How many liters of nitrogen oxide at STP are produced from the reaction of 59.g of NH3?
Balanced Equation:
Ammonia reacts with oxygen to produce nitrogen oxide and water.
4NH3(g)+5O2(g)→4NO(g)+6H2O(g)
mols NH3 = 59/molar mass NH3 = ?
Convert mols NH3 to mols NO using the coefficients in the balanced equation. That's ?mols NH3 x (4 mols NO/4 mols NH3) = ? x 1/1 = ?mols NO.
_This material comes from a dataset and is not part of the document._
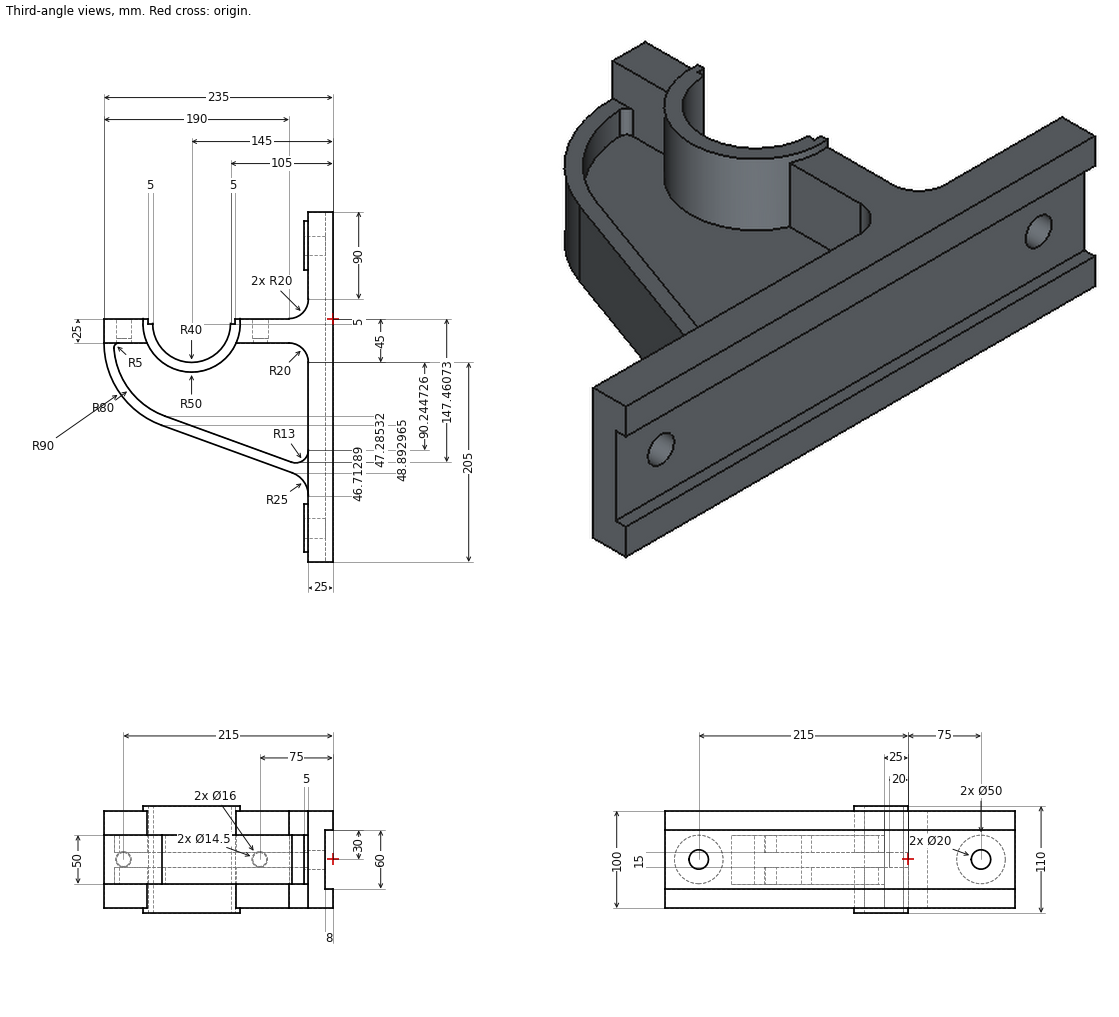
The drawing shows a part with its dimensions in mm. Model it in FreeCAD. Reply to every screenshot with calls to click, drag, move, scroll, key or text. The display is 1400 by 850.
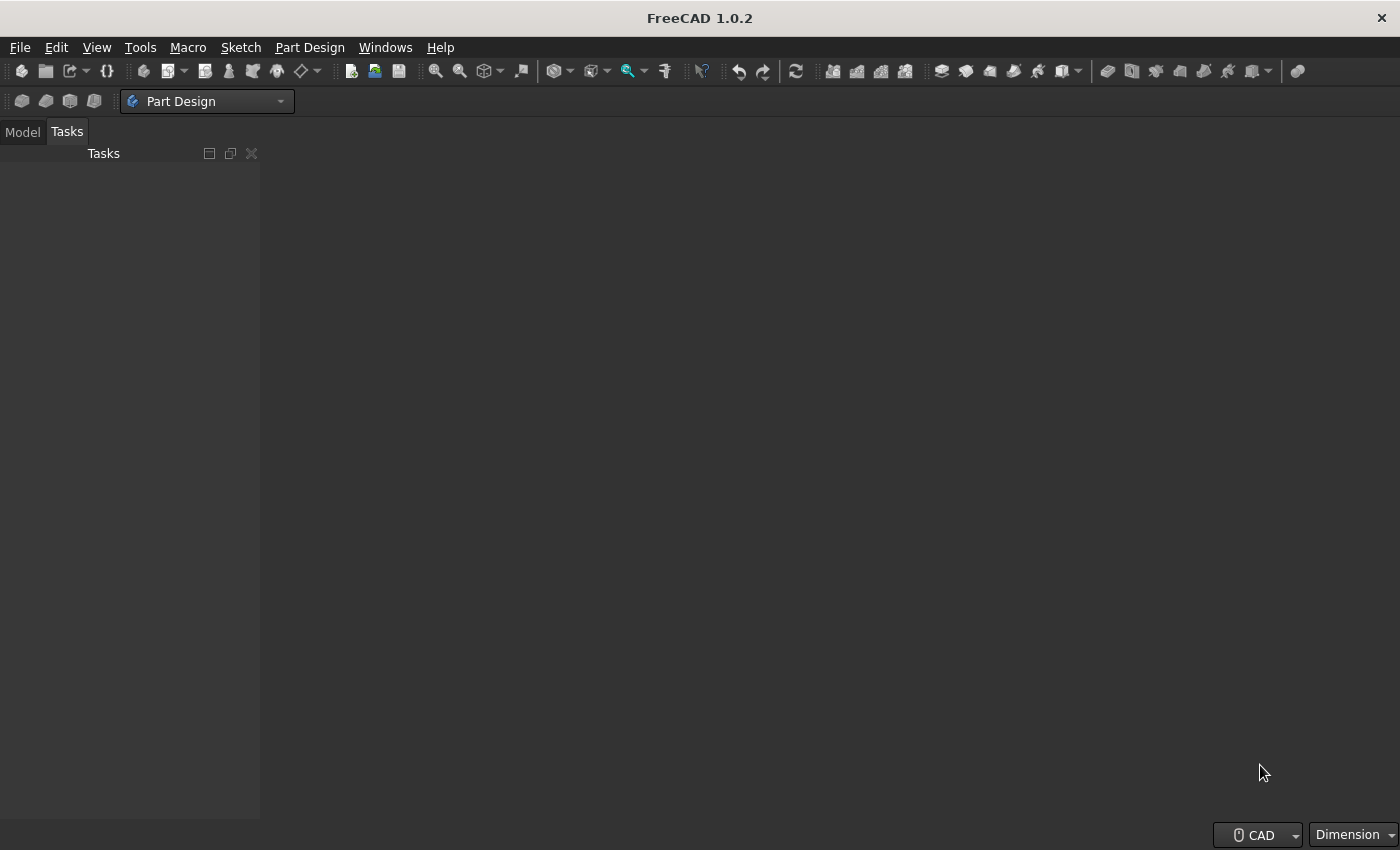
click(352, 72)

Then ? mols NO x 22.4L/mol = x L NO @ STP
To find the number of liters of nitrogen oxide produced, we need to use stoichiometry and convert the given mass of ammonia (NH3) to moles, then use the balanced equation to convert moles of NH3 to moles of nitrogen oxide (NO), and finally convert moles of NO to liters at standard temperature and pressure (STP).
1. Calculate the moles of NH3:
Number of moles = Given mass / Molar mass
The molar mass of NH3 (ammonia) is:
1(N) + 3(H) = 14.01 g/mol + (3 * 1.01 g/mol) = 17.03 g/mol
Moles of NH3 = 59 g / 17.03 g/mol = 3.46 mol
2. Use the balanced equation to determine the moles of NO produced:
According to the balanced equation, 4 moles of NH3 react to produce 4 moles of NO.
So, 3.46 moles of NH3 will produce (3.46 moles * 4 moles of NO) / 4 moles of NH3 = 3.46 moles of NO.
3. Convert moles of NO to the volume at STP:
At STP, 1 mole of any gas occupies 22.4 liters of volume.
Thus, the volume of NO at STP = 3.46 moles * 22.4 L/mol = 77.5 L
Therefore, 59.0 g of NH3 will produce 77.5 L of nitrogen oxide at STP.